When done, the jTessBoxEditor tool will display the following popup box and generate the num.test.exp0.tif file in the current train directory.
4. Generate a box file. Box is to box each recognized text
Tesseract num.test.exp0.tif num.test.exp0 -- PSM 3 Batch. nochop makeboxCopy the code
A num.test.exp0. Box file is generated on success
JTessBoxEdtor ->Box Editor->Open num.
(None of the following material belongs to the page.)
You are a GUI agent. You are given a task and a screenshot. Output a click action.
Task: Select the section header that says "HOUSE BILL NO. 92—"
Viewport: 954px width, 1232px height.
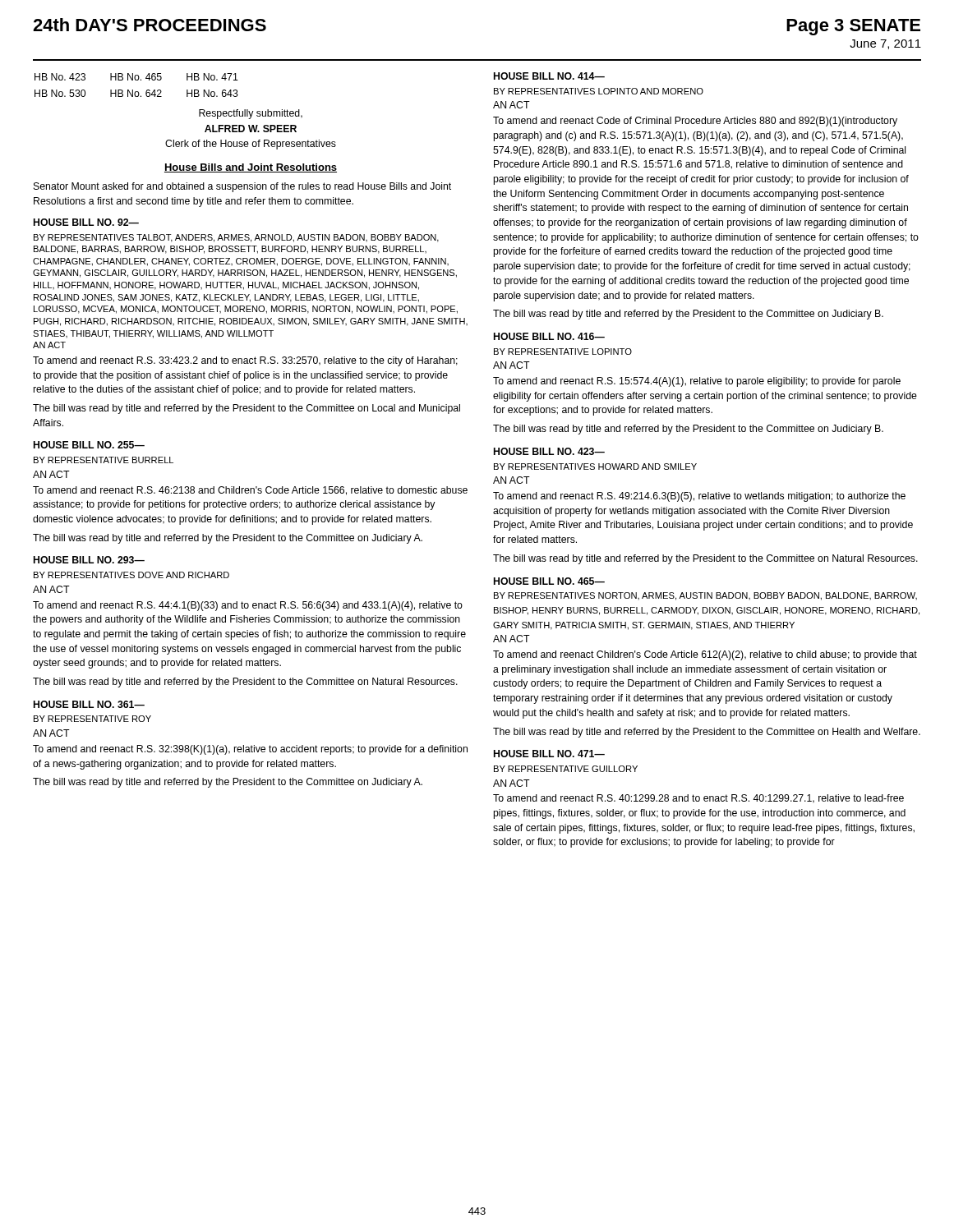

Test. Exp0. tif, num. Test. So put them all in the same directory. Fill in the Char column for the unrecognized 2 and replace the misrecognized 4 with a 6. When you’re done, press Enter and Save.
Create an empty file and fill test 0 0 0 0 0
Test 0 0 0 0 0 0: <fontname> <italic> <bold> <fixed> <serif> <fraktur> "Fontname" is the fontname, "italic" is the fontname, "bold" is the fontname, "fixed" is the default font, "serif" is the serif font, "fraktur" is the German black font, "1" and "0" represent "yes" and "no"Copy the code
You can also use the command:
echo test 0 0 0 0 0 > font_properties
Copy the code
Remember that the font name must be the same as test in num.test.exp0. 7. Generate training files
tesseract num.test.exp0.tif num.test.exp0 nobatch box.train
Copy the code
8. Generate a character set
unicharset_extractor zwp.test.exp0.box
Copy the code
The unicharset file is generated on success
One thing to note here is that if you install tesseract without a training tool, you will be prompted
zsh: command not found: unicharset_extractor
Copy the code
See another blog post: ZSH: Command Not Found: unicharset_Extractor
9. Generate a polychar signature file
Enter the mftraining -f font_properties -u unicharset -o num.unicharset num.test.exp0.tr commandCopy the code
After the command is executed successfully, the intTemp, pffmtable, shapetable, and num. Unicharset files are generated
10. Generate a character normalization feature file
cntraining num.test.exp0.tr
Copy the code
A normProto file is generated after the command is successfully executed
11. Rename the file
mv normproto num.normproto
mv inttemp num.inttemp
mv pffmtable num.pffmtable
mv shapetable num.shapetable
Copy the code
12. Merge training documents
combine_tessdata num.
Copy the code
Num. Traineddata (num. Traineddata) Yes, this is the final training set, put this in the Tesseract tessData directory. May be/usr/local/Cellar/tesseract / 4.4.1 / share/tessdata may also be/usr/local/share/tessdata
13. Final Results:
Conclusion:
Tesseract 4.1.1 tesseract4.1.1 tesseract4.1.1 Tesseract 4.1.1 Tesseract 4.1.1 Tesseract 4.1.1 Tesseract 4.1.1 Tesseract 4.1.1 — with-train-tools, you need to build and install your own training tools, see blog 2. In fact, most of the commands in the whole step can be completed with scripts. Only jTessBoxEditor annotation correction results need to be used in the interface. If you can make jTessBoxEditor annotation result into a tool, the rest commands can be automatically executed after correction, and batch training can be done.